[[ LISTED RECORDS open ]]
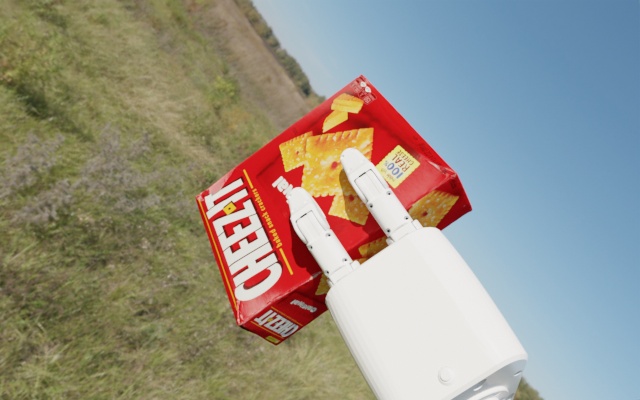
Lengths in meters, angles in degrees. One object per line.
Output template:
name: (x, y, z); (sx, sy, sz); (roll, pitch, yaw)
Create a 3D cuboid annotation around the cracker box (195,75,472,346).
cracker box: (0.000, 0.001, 0.444); (0.214, 0.164, 0.072); (-35, -41, 6)
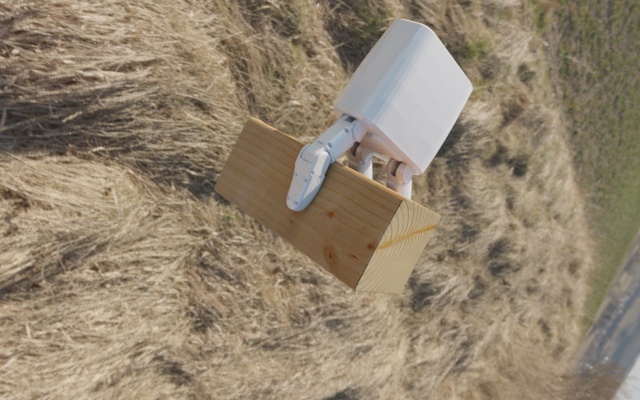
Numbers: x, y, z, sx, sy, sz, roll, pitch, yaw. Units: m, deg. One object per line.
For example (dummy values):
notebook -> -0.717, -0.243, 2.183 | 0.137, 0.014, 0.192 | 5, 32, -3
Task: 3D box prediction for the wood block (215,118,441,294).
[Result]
wood block -> 0.000, 0.001, 0.485 | 0.206, 0.090, 0.091 | 31, 6, 35
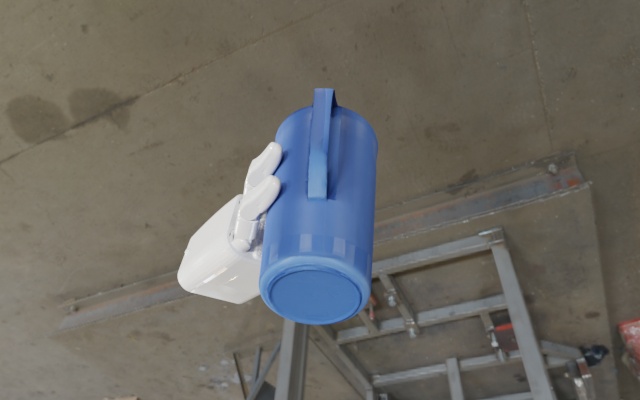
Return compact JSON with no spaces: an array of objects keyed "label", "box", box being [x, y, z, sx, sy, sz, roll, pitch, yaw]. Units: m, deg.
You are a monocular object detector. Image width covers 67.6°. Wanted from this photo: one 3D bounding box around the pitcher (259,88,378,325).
[{"label":"pitcher","box":[0.000,0.002,0.529,0.145,0.242,0.149,-34,-58,30]}]
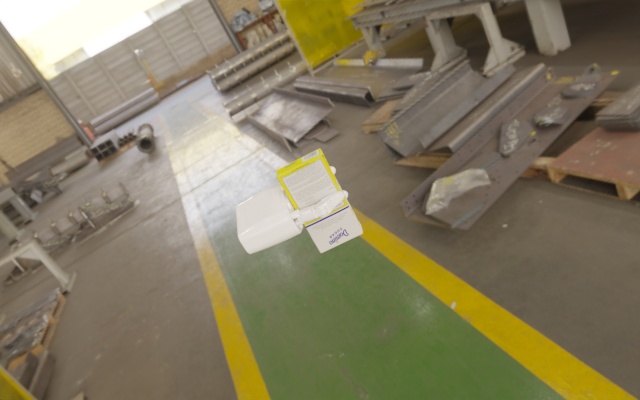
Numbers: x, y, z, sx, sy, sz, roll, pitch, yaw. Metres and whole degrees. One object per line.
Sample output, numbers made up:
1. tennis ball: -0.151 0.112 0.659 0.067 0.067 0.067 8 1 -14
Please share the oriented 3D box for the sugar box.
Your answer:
1. sugar box: 0.000 0.003 0.887 0.093 0.176 0.048 -25 23 7
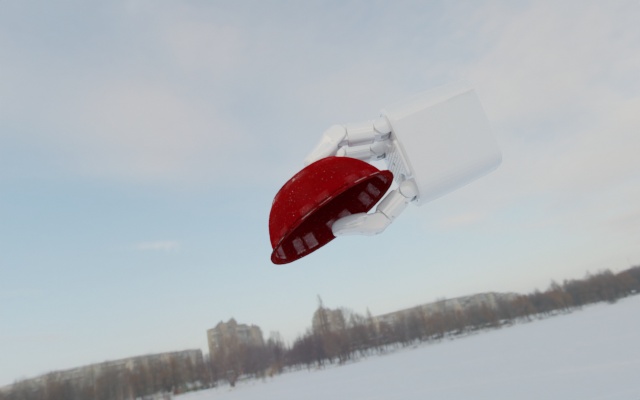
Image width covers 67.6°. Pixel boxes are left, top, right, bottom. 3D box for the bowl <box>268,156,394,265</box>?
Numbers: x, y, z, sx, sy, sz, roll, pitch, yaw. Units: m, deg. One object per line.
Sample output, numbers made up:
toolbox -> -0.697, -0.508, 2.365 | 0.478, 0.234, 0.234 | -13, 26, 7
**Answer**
bowl -> -0.001, 0.002, 0.522 | 0.162, 0.055, 0.162 | -34, -16, -11
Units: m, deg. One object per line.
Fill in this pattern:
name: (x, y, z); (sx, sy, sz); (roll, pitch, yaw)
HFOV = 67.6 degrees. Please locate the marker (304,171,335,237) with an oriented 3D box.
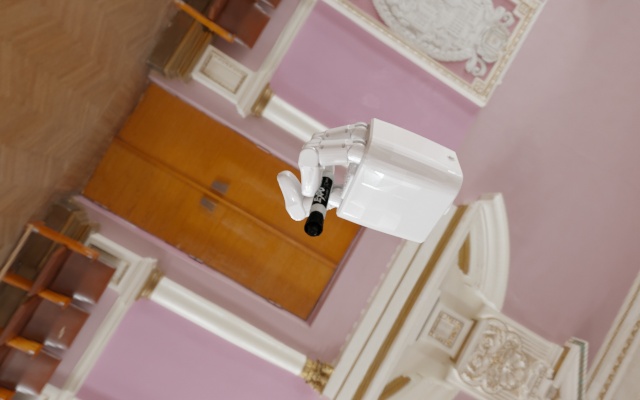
marker: (0.000, 0.002, 0.510); (0.020, 0.020, 0.121); (0, 28, 8)
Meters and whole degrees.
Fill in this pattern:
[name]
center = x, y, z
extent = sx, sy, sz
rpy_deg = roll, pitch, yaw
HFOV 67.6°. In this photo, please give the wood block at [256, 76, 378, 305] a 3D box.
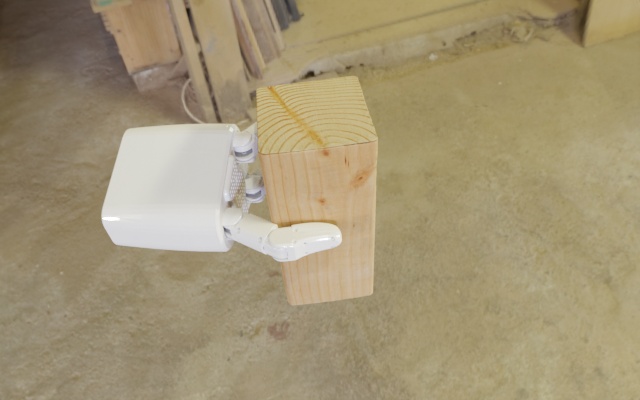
[wood block]
center = 0.000, 0.002, 0.449
extent = 0.090, 0.090, 0.206
rpy_deg = -7, -44, -2
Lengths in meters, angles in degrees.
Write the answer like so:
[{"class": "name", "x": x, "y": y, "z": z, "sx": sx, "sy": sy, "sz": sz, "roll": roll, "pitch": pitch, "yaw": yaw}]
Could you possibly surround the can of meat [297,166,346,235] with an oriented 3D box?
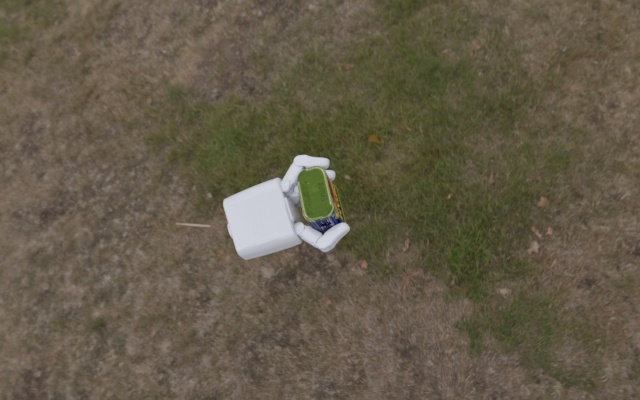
[{"class": "can of meat", "x": 0.000, "y": 0.003, "z": 0.806, "sx": 0.057, "sy": 0.102, "sz": 0.084, "roll": -17, "pitch": -26, "yaw": 9}]
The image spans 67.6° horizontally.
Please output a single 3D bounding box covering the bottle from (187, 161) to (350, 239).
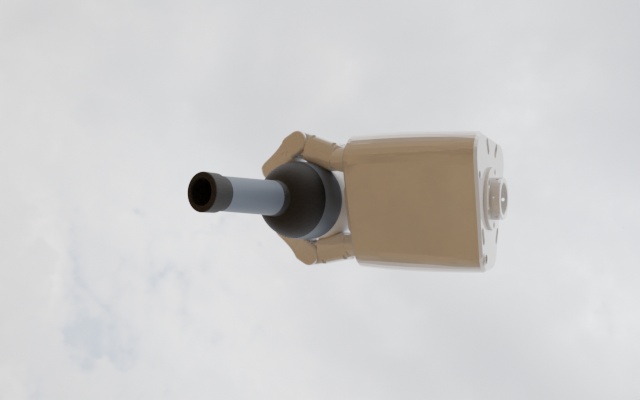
[{"bbox_3d":[0.000,0.001,0.438,0.069,0.069,0.296,0,-3,32],"label":"bottle"}]
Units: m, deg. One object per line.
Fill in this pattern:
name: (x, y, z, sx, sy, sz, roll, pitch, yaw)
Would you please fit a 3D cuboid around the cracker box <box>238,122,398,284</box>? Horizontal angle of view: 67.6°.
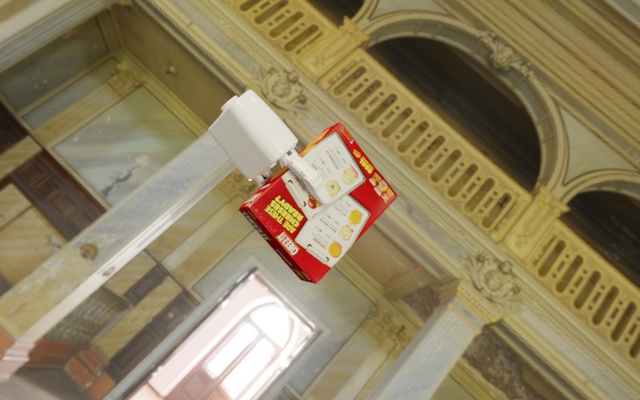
cracker box: (0.000, 0.002, 0.783, 0.213, 0.164, 0.072, -45, 14, -21)
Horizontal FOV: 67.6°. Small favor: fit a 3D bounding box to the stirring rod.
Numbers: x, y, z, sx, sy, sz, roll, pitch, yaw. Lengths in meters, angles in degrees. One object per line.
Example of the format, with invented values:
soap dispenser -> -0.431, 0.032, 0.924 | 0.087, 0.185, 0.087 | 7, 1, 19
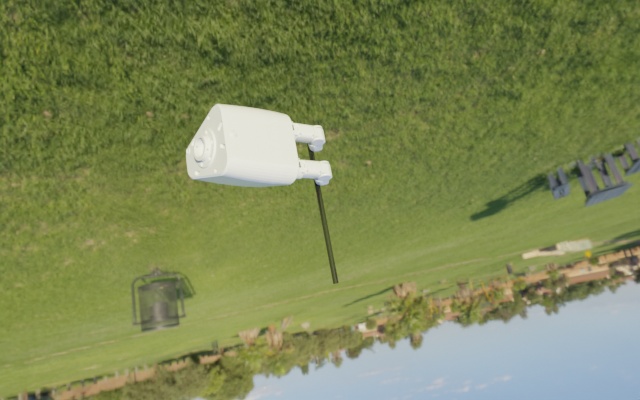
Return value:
stirring rod -> 0.000, 0.002, 0.701 | 0.011, 0.239, 0.011 | -10, -15, -3
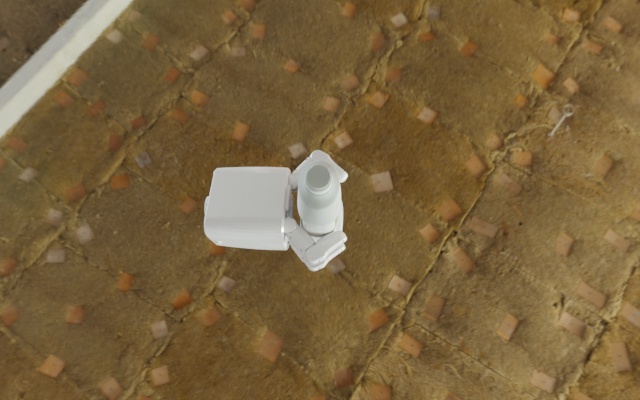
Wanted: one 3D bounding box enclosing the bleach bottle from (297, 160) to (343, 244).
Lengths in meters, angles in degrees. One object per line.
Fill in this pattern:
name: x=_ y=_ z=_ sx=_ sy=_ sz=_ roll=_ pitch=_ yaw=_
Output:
bleach bottle: x=0.000 y=0.002 z=0.657 sx=0.068 sy=0.102 sz=0.251 roll=2 pitch=-17 yaw=2
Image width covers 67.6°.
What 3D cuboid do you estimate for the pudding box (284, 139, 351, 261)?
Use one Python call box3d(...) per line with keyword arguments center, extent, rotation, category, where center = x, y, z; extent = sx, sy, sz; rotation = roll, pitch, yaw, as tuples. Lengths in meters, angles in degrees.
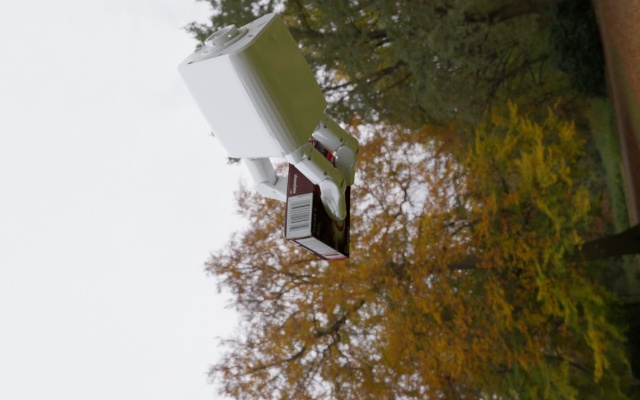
box3d(center=(0.000, 0.002, 0.534), extent=(0.039, 0.113, 0.090), rotation=(-8, -24, 29), category="pudding box")
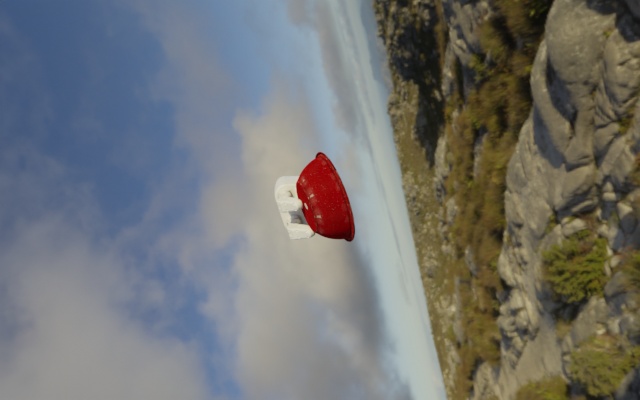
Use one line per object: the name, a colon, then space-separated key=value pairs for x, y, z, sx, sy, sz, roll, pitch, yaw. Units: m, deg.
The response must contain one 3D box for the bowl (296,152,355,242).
bowl: x=0.000 y=0.003 z=0.806 sx=0.055 sy=0.162 sz=0.162 roll=-20 pitch=5 yaw=-13
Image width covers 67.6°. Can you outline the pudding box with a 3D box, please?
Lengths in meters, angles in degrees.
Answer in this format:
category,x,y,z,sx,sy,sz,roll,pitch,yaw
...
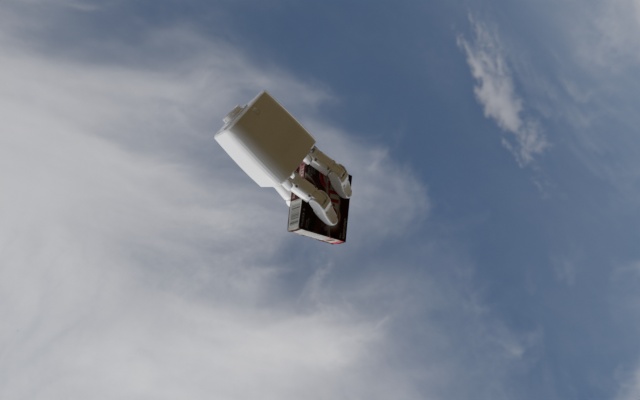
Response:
[[ LISTED RECORDS closed ]]
Everything from the first line of the entries above through the line with "rpy_deg = roll, pitch, yaw" should be duplicated exactly, except the pictures.

Lengths in meters, angles in degrees. One object per line.
Output template:
name: (x, y, z); (sx, sy, sz); (roll, pitch, yaw)
Create a 3D cuboid annotation around the cracker box (195,75,472,346).
cracker box: (0.000, 0.001, 0.444); (0.214, 0.164, 0.072); (-35, -41, 6)
Numbers: x, y, z, sx, sy, sz, roll, pitch, yaw. Units: m, deg. One object per line.
For example (dummy values):
notebook -> -0.717, -0.243, 2.183 | 0.137, 0.014, 0.192 | 5, 32, -3
Task: 3D box prediction for the wood block (215,118,441,294).
[Result]
wood block -> 0.000, 0.001, 0.485 | 0.206, 0.090, 0.091 | 31, 6, 35
Return compact JSON with no spaces: an array of objects keyed "label", "box", box being [x, y, z, sx, sy, sz, roll, pitch, yaw]. Units: m, deg.
You are a monocular object detector. Image width covers 67.6°. Wanted from this photo: one 3D bounding box around the pitcher (259,88,378,325).
[{"label":"pitcher","box":[0.000,0.002,0.529,0.145,0.242,0.149,-34,-58,30]}]
Numbers: x, y, z, sx, sy, sz, roll, pitch, yaw. Metres and whole degrees. One object per line.
Sample output, numbers made up:
1. tennis ball: -0.151 0.112 0.659 0.067 0.067 0.067 8 1 -14
Please share the oriented 3D box for the sugar box.
Your answer:
1. sugar box: 0.000 0.003 0.887 0.093 0.176 0.048 -25 23 7
Image width covers 67.6°. Pixel boxes are left, top, right, bottom. 3D box for the bowl <box>268,156,394,265</box>?
Numbers: x, y, z, sx, sy, sz, roll, pitch, yaw. Units: m, deg. One object per line.
Sample output, numbers made up:
toolbox -> -0.697, -0.508, 2.365 | 0.478, 0.234, 0.234 | -13, 26, 7
**Answer**
bowl -> -0.001, 0.002, 0.522 | 0.162, 0.055, 0.162 | -34, -16, -11
Units: m, deg. One object per line.
Fill in this pattern:
name: (x, y, z); (sx, sy, sz); (roll, pitch, yaw)
HFOV = 67.6 degrees. Please locate the marker (304,171,335,237) with an oriented 3D box.
marker: (0.000, 0.002, 0.510); (0.020, 0.020, 0.121); (0, 28, 8)
Meters and whole degrees.
Fill in this pattern:
[name]
center = x, y, z
extent = sx, sy, sz
rpy_deg = roll, pitch, yaw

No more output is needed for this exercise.